Instructions for the task
Each line in the records below that has the word "median" should be copied.

(Items listed in a dataset)

********************

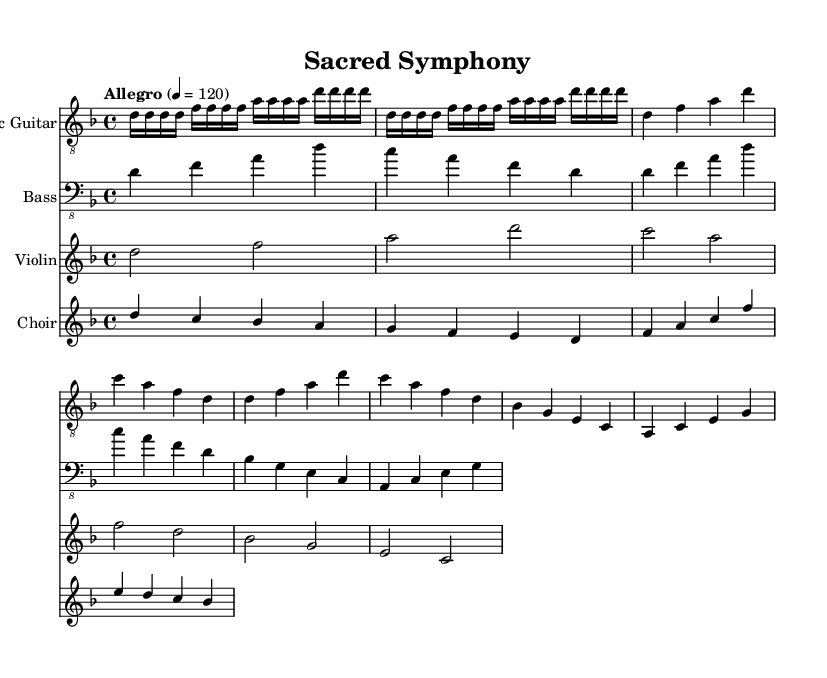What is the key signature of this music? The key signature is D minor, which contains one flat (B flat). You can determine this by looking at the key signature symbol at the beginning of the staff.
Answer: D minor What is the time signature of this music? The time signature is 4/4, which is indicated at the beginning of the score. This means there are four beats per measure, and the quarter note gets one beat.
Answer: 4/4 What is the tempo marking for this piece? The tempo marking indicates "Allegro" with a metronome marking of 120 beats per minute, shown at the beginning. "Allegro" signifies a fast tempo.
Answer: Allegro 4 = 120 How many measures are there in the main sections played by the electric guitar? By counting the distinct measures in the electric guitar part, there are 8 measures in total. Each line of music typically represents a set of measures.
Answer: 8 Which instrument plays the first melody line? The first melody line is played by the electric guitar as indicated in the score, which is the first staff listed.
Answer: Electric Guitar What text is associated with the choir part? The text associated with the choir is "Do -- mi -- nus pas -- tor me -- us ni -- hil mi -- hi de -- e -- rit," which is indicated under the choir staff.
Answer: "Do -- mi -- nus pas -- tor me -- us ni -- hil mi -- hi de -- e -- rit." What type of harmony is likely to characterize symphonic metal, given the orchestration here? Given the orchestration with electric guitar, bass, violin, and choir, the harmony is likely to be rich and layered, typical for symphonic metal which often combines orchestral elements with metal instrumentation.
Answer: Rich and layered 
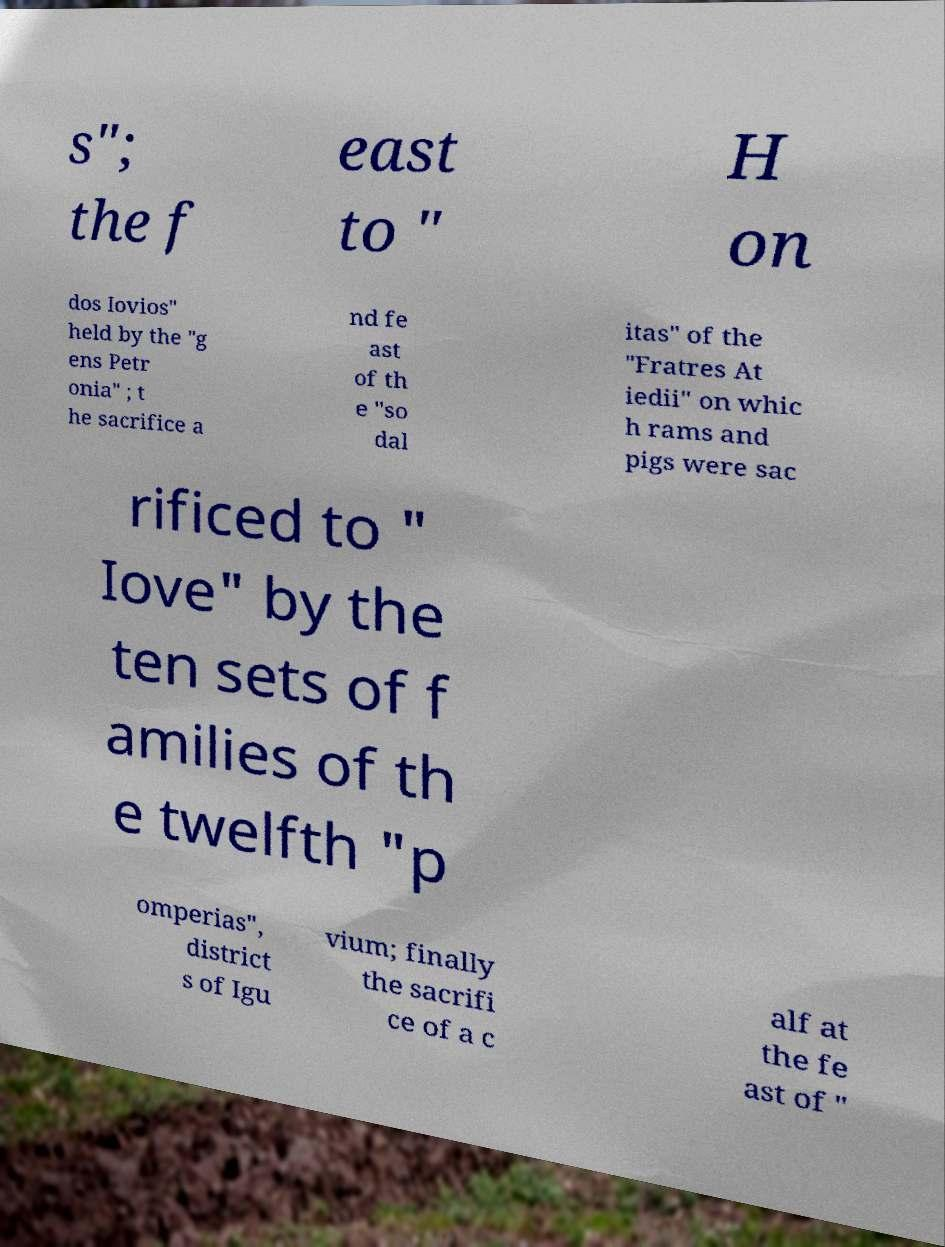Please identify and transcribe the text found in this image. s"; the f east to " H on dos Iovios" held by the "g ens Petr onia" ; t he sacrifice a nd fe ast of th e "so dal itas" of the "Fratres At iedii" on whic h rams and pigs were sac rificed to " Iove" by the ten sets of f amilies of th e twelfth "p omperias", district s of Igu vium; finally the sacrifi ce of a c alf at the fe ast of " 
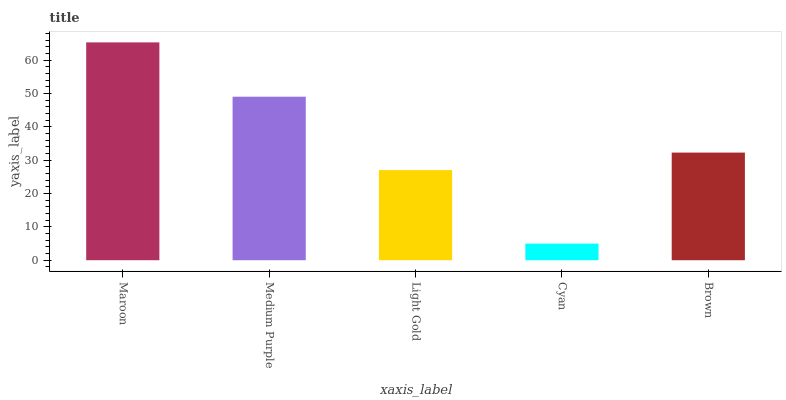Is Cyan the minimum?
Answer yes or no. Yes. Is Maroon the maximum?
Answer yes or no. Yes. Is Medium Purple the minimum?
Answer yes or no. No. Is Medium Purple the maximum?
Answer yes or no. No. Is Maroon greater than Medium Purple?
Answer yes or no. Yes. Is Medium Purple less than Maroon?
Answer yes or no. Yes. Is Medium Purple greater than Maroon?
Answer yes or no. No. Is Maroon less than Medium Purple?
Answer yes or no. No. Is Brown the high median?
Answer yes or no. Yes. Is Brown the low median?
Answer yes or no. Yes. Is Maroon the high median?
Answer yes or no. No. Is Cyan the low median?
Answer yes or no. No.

********************

Result
Answer yes or no. No. Is Brown the high median?
Answer yes or no. Yes. Is Brown the low median?
Answer yes or no. Yes. Is Maroon the high median?
Answer yes or no. No. Is Cyan the low median?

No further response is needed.